## Dataset content

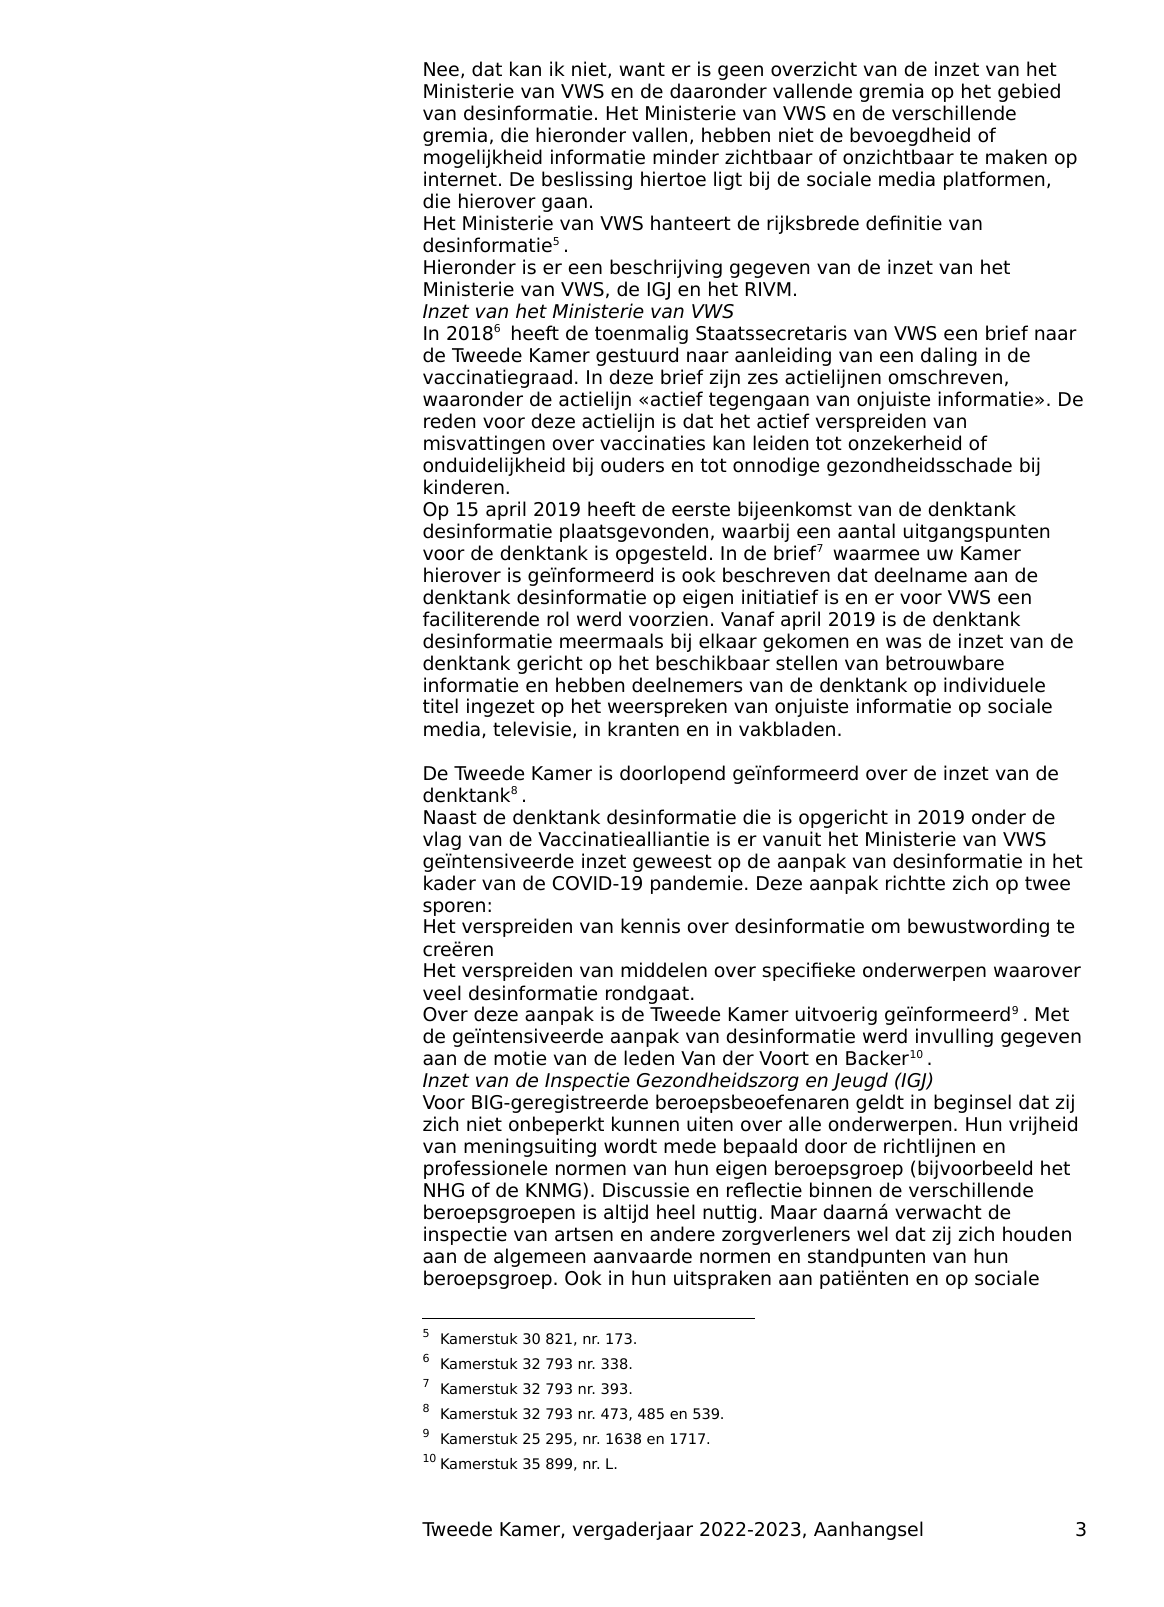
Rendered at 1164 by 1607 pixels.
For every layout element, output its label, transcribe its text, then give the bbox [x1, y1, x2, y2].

text Inzet van de Inspectie Gezondheidszorg en Jeugd (IGJ) [422, 1070, 1087, 1092]
text Kamerstuk 35 899, nr. L. [422, 1452, 1087, 1474]
text Inzet van het Ministerie van VWS [422, 301, 1087, 323]
text Kamerstuk 32 793 nr. 393. [422, 1377, 1087, 1399]
text Op 15 april 2019 heeft de eerste bijeenkomst van de denktank desinformatie plaatsgevonden, waarbij een aantal uitgangspunten voor de denktank is opgesteld. In de brief waarmee uw Kamer hierover is geïnformeerd is ook beschreven dat deelname aan de denktank desinformatie op eigen initiatief is en er voor VWS een faciliterende rol werd voorzien. Vanaf april 2019 is de denktank desinformatie meermaals bij elkaar gekomen en was de inzet van de denktank gericht op het beschikbaar stellen van betrouwbare informatie en hebben deelnemers van de denktank op individuele titel ingezet op het weerspreken van onjuiste informatie op sociale media, televisie, in kranten en in vakbladen. [422, 499, 1087, 740]
text Kamerstuk 25 295, nr. 1638 en 1717. [422, 1427, 1087, 1449]
text Over deze aanpak is de Tweede Kamer uitvoerig geïnformeerd. Met de geïntensiveerde aanpak van desinformatie werd invulling gegeven aan de motie van de leden Van der Voort en Backer. [422, 1004, 1087, 1070]
text Kamerstuk 32 793 nr. 338. [422, 1352, 1087, 1374]
text Het verspreiden van kennis over desinformatie om bewustwording te creëren [422, 916, 1087, 960]
text Voor BIG-geregistreerde beroepsbeoefenaren geldt in beginsel dat zij zich niet onbeperkt kunnen uiten over alle onderwerpen. Hun vrijheid van meningsuiting wordt mede bepaald door de richtlijnen en professionele normen van hun eigen beroepsgroep (bijvoorbeeld het NHG of de KNMG). Discussie en reflectie binnen de verschillende beroepsgroepen is altijd heel nuttig. Maar daarná verwacht de inspectie van artsen en andere zorgverleners wel dat zij zich houden aan de algemeen aanvaarde normen en standpunten van hun beroepsgroep. Ook in hun uitspraken aan patiënten en op sociale [422, 1092, 1087, 1290]
text Nee, dat kan ik niet, want er is geen overzicht van de inzet van het Ministerie van VWS en de daaronder vallende gremia op het gebied van desinformatie. Het Ministerie van VWS en de verschillende gremia, die hieronder vallen, hebben niet de bevoegdheid of mogelijkheid informatie minder zichtbaar of onzichtbaar te maken op internet. De beslissing hiertoe ligt bij de sociale media platformen, die hierover gaan. [422, 59, 1087, 213]
text De Tweede Kamer is doorlopend geïnformeerd over de inzet van de denktank. [422, 763, 1087, 807]
text Kamerstuk 30 821, nr. 173. [422, 1327, 1087, 1349]
text Kamerstuk 32 793 nr. 473, 485 en 539. [422, 1402, 1087, 1424]
text Hieronder is er een beschrijving gegeven van de inzet van het Ministerie van VWS, de IGJ en het RIVM. [422, 257, 1087, 301]
text Naast de denktank desinformatie die is opgericht in 2019 onder de vlag van de Vaccinatiealliantie is er vanuit het Ministerie van VWS geïntensiveerde inzet geweest op de aanpak van desinformatie in het kader van de COVID-19 pandemie. Deze aanpak richtte zich op twee sporen: [422, 807, 1087, 916]
text Het verspreiden van middelen over specifieke onderwerpen waarover veel desinformatie rondgaat. [422, 960, 1087, 1004]
text In 2018 heeft de toenmalig Staatssecretaris van VWS een brief naar de Tweede Kamer gestuurd naar aanleiding van een daling in de vaccinatiegraad. In deze brief zijn zes actielijnen omschreven, waaronder de actielijn «actief tegengaan van onjuiste informatie». De reden voor deze actielijn is dat het actief verspreiden van misvattingen over vaccinaties kan leiden tot onzekerheid of onduidelijkheid bij ouders en tot onnodige gezondheidsschade bij kinderen. [422, 323, 1087, 499]
text Het Ministerie van VWS hanteert de rijksbrede definitie van desinformatie. [422, 213, 1087, 257]
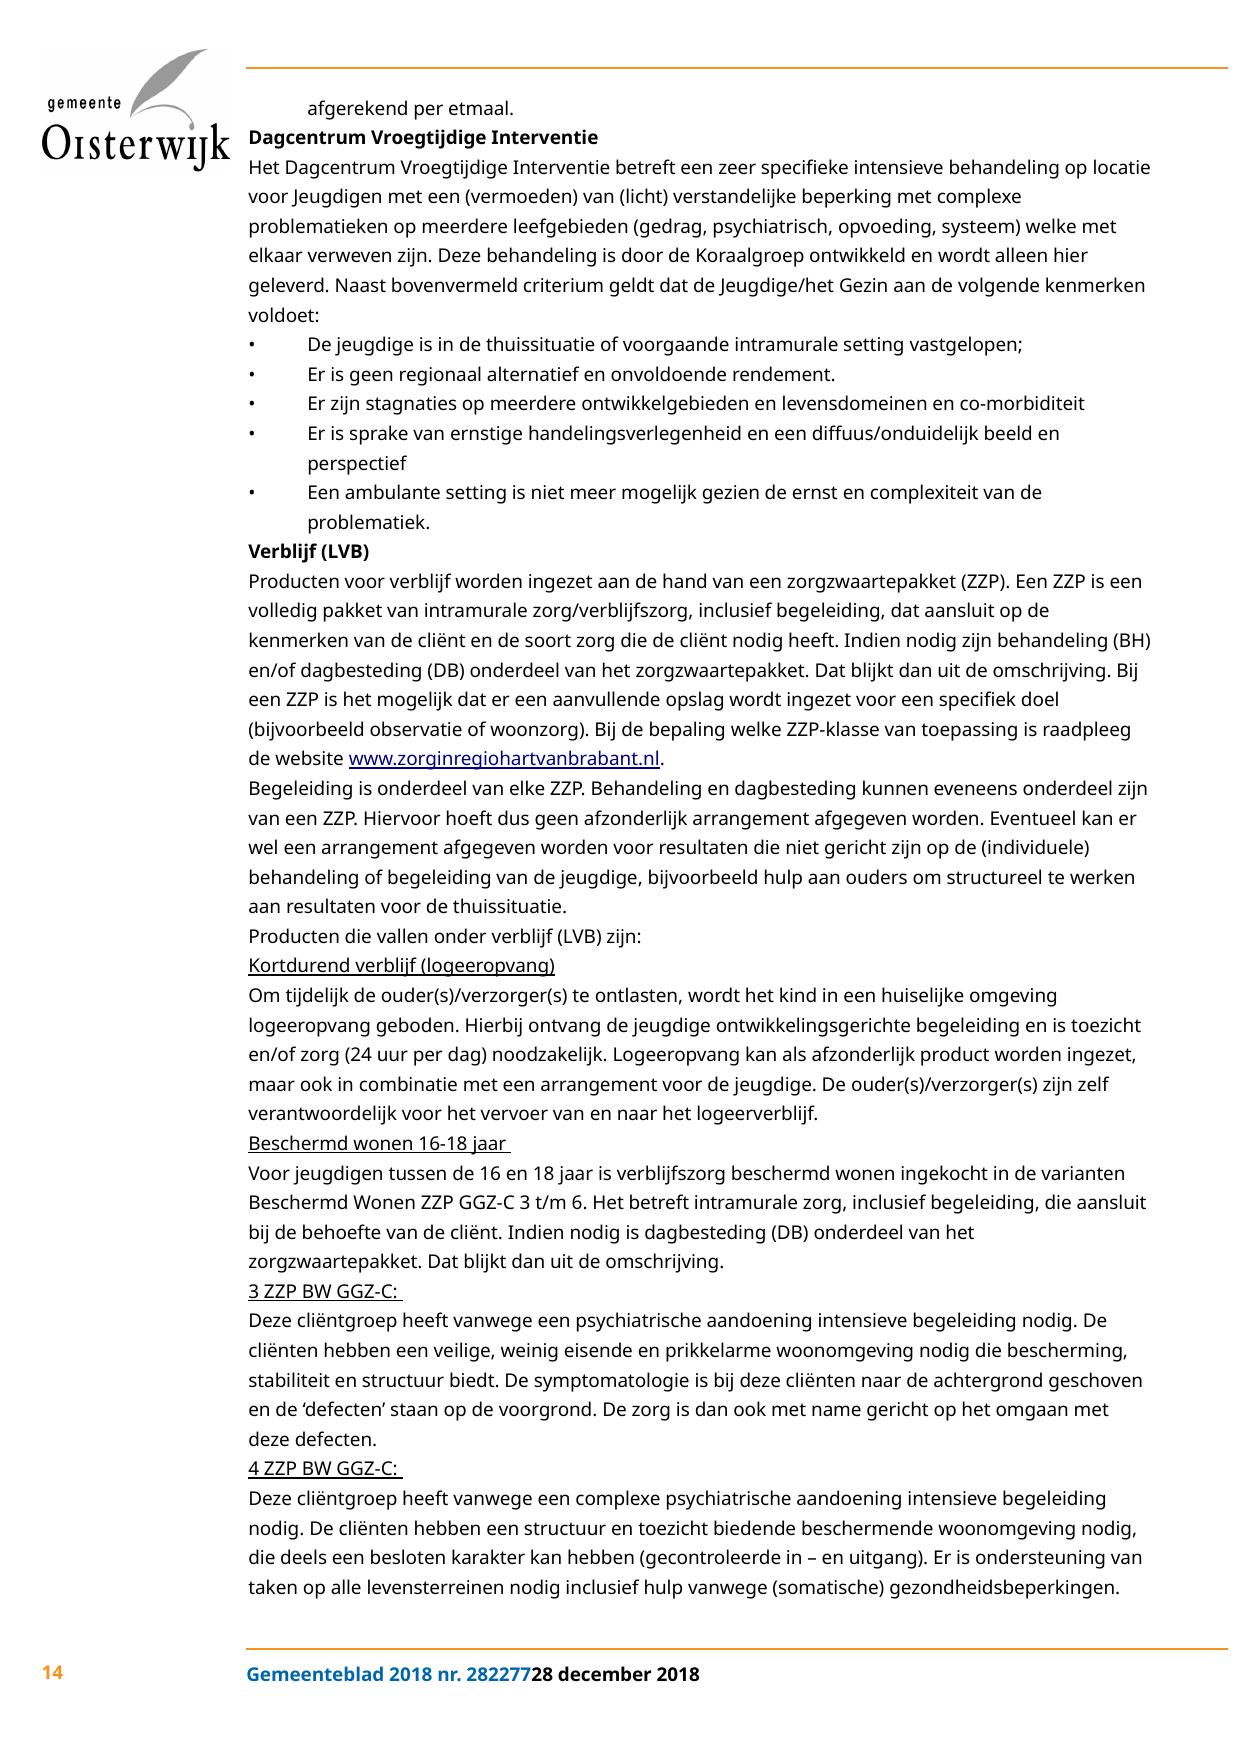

## Problem
Retype exactly the lines above, from the one with "text Inzet van de" through the one with "text Kamerstuk 25", inclusive.

## Solution below
text Inzet van de Inspectie Gezondheidszorg en Jeugd (IGJ) [422, 1070, 1087, 1092]
text Kamerstuk 35 899, nr. L. [422, 1452, 1087, 1474]
text Inzet van het Ministerie van VWS [422, 301, 1087, 323]
text Kamerstuk 32 793 nr. 393. [422, 1377, 1087, 1399]
text Op 15 april 2019 heeft de eerste bijeenkomst van de denktank desinformatie plaatsgevonden, waarbij een aantal uitgangspunten voor de denktank is opgesteld. In de brief waarmee uw Kamer hierover is geïnformeerd is ook beschreven dat deelname aan de denktank desinformatie op eigen initiatief is en er voor VWS een faciliterende rol werd voorzien. Vanaf april 2019 is de denktank desinformatie meermaals bij elkaar gekomen en was de inzet van de denktank gericht op het beschikbaar stellen van betrouwbare informatie en hebben deelnemers van de denktank op individuele titel ingezet op het weerspreken van onjuiste informatie op sociale media, televisie, in kranten en in vakbladen. [422, 499, 1087, 740]
text Kamerstuk 25 295, nr. 1638 en 1717. [422, 1427, 1087, 1449]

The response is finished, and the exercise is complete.